Data entries:

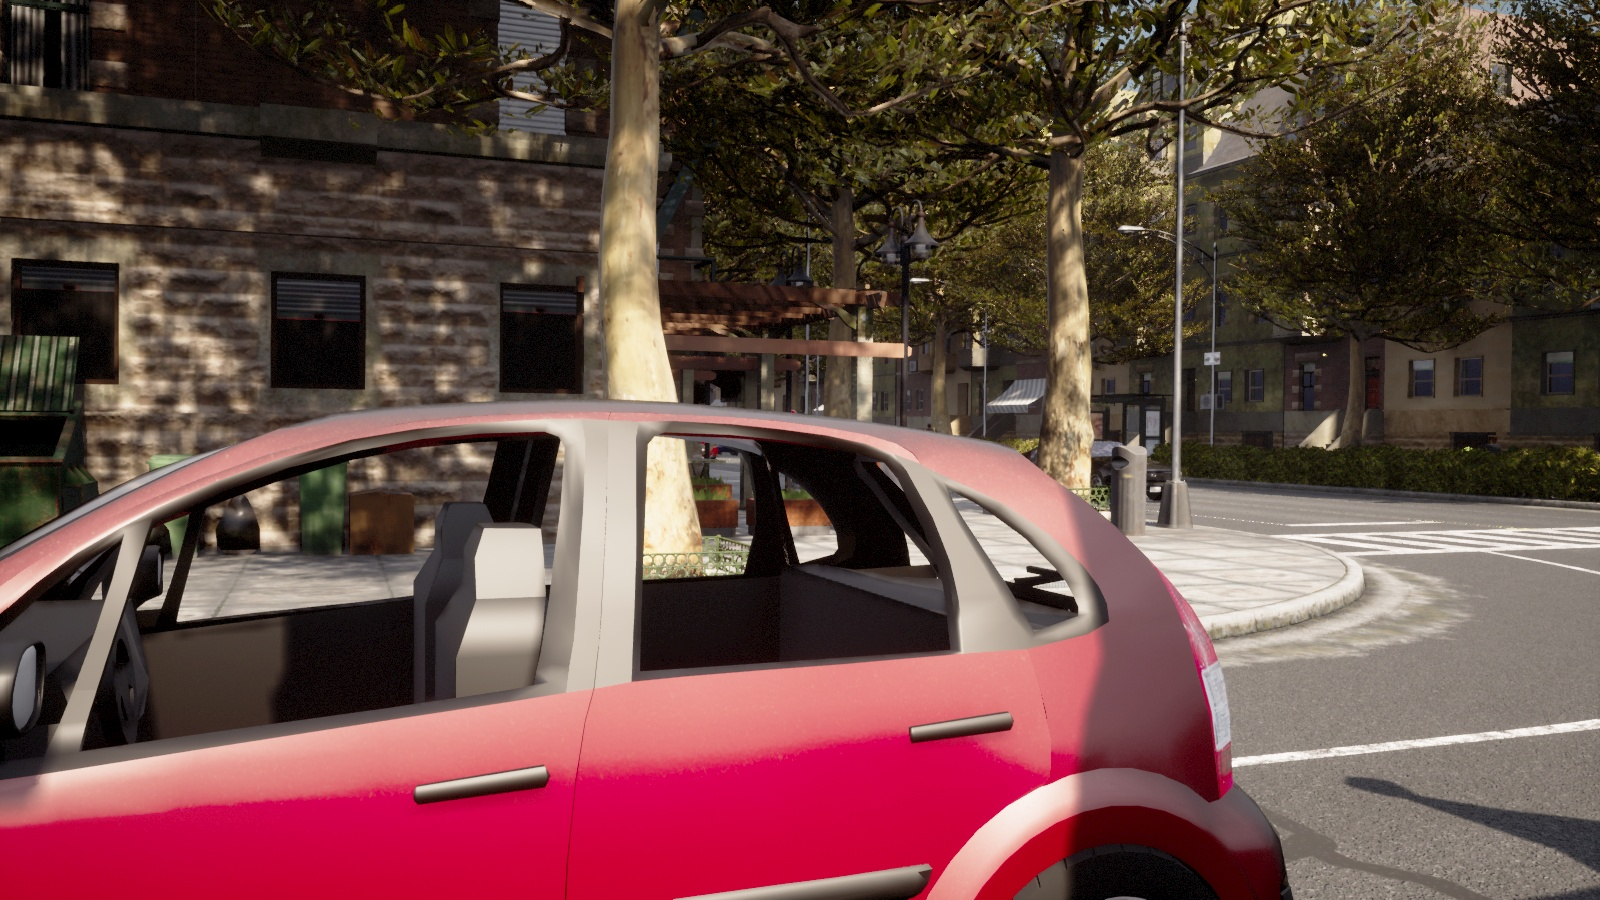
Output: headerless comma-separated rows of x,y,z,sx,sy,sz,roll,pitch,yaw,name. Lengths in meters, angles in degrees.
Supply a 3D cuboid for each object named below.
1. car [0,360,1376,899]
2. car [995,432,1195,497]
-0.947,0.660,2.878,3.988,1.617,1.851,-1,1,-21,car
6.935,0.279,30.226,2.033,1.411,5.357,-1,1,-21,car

Instructions to follow:
Make an exact copy of the records above, with the pictures left out.

Solution for this problem:
Output: headerless comma-separated rows of x,y,z,sx,sy,sz,roll,pitch,yaw,name. Lengths in meters, angles in degrees.
Supply a 3D cuboid for each object named below.
1. car [0,360,1376,899]
2. car [995,432,1195,497]
-0.947,0.660,2.878,3.988,1.617,1.851,-1,1,-21,car
6.935,0.279,30.226,2.033,1.411,5.357,-1,1,-21,car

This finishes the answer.